- _WHAT YOU HAVE TO DO_
Write out each entry, exactly the way it appears.
━━━ TASK INPUTS ━━━
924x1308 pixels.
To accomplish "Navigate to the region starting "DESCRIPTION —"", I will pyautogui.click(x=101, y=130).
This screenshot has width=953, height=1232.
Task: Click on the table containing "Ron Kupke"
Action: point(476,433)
━━━
- _SOLUTION BELOW_
924x1308 pixels.
To accomplish "Navigate to the region starting "DESCRIPTION —"", I will pyautogui.click(x=101, y=130).
This screenshot has width=953, height=1232.
Task: Click on the table containing "Ron Kupke"
Action: point(476,433)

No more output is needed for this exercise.